I woke up with a jolt, heavily groggy and my body heaving a full body cough on instinct. It felt as if the ocean was concealed in my brain, the disorient feeling making me feel as if I was swaying in the waves. I couldn't understand why my lungs were so strained or why it hurt to breathe. Why is it so smokey? 

That's when the panic kicked in for me. All I could hear was the crackling of the wood and drywall as the thick smoke started to billow from under my bedroom door and flow up to the ceiling like it was swallowing my room whole.

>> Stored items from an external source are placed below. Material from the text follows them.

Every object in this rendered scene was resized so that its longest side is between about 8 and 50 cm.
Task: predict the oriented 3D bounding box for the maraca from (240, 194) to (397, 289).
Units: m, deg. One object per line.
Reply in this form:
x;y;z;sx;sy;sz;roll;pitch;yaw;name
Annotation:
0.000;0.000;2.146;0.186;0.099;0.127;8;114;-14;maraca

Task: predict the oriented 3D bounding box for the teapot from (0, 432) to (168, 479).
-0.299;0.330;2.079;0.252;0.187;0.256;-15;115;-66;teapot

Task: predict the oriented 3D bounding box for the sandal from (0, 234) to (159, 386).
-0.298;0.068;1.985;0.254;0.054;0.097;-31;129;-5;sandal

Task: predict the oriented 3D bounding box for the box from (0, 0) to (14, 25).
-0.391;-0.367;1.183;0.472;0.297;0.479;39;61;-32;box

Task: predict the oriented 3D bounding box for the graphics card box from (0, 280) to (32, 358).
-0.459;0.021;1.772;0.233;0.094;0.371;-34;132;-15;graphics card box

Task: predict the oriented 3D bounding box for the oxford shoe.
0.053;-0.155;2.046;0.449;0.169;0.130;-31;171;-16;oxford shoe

"NOVALIE!" I hear my mother shout, the distance sounding so strained as the panic in my mother's voice had me immediately jumping from my bed and running to my door. She has asthma and she can't handle something like this and yet, she's worried about getting to me. I stand there for a moment and stare at the door knob and hesitate, I've been taught all my life the metal could be hot if there is fire on the other side of the door. Even though my knee jerk reaction is to open the door open and fly down the stairs to their room. All the times my dad would instruct me each time we made a fire or practiced safety drills. "John, what if it started up there?!" My mother's voice was so hoarse and strained. My heart aches at how long she could have been calling out for me?

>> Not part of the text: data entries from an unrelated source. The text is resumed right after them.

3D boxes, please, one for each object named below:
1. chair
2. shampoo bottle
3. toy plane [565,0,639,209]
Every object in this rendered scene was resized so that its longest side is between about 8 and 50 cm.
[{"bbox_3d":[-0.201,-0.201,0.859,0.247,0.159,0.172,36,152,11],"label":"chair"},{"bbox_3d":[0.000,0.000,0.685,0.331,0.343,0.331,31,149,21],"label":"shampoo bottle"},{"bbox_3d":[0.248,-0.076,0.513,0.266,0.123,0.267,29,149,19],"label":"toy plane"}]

"MOM!?" I yell back as loud as I can to let her know that I am okay for the most part. the smoke thats rolling in from under the door was getting thicker and thicker. Which meant that wherever the fire started, it was getting closer and closer to the stairs by my room. My eyes were wide with panic as the dry air stung them, darting around my room trying to assess the situation and cursing for not coming up with anything useful. I couldn't take in enough air, which at the moment was scarce. I am hoping that it's just like that up here on the second story, I just need them to be okay. I can hear the crackling getting louder and the sound of fire raging in the hallway. What the fuck am I supposed to do? My hands shoot to my head, gripping at the roots as I turn around to see my window slightly open. I leave my window like that on summer nights just to hear the frogs and crickets screech to the heavens, it helps me sleep. Even thought my dad hastes it, seeing it as a waste since the air conditioner is on.

Not even thinking, I launch myself to the window so I can look down to see that the flames have consumed this side of the house on the first level. It's only a matter of time before the floor below my feet collapses and I end up burning to death. "Shit" I mutter to myself as I slowly get on my knees so I can start crawling on the floor so I can stop inhaling all this smoke.

I start violently coughing again, getting just a fraction of fresh air, my chest heaving and aching. I can hear a dull thudding in the distance and a loud scream of frustration. I can only guess it's the landing of the steps. "NOVALIE! I DON'T THINK I CAN GET TO YOU!" My father shouted, I could hear the fear in my dad's voice, the unsetting realization that there wasn't a way we could all get to safety. It scared me to my core, my dad wasn't one to be frightened in any situation, he was the brave one. Always telling me that pain was temporary and that he could get through anything. 

If I am trapped up here, then they could be trapped down there.

I can feel the tears trying to fall from my eyes but the heat dries them before they can even fall. Each possible outcome has already flashed through my mind causing me to fold into myself as I lay on the floor of my bedroom. Even though there was only smoke in my room, the heat still danced across my face. I can't just lay here and just wait to either die or be rescued, but everything that I have been taught over the years had eddied from my mind.

The distant thudding hasn't stopped or weakened, meaning my dad was still trying to find some way to get to my room. Each thud was a nudge for me to get up and not just lay there and let it happen. Memories calling out to me from when my father first taught me how to handle a gun when I was ten.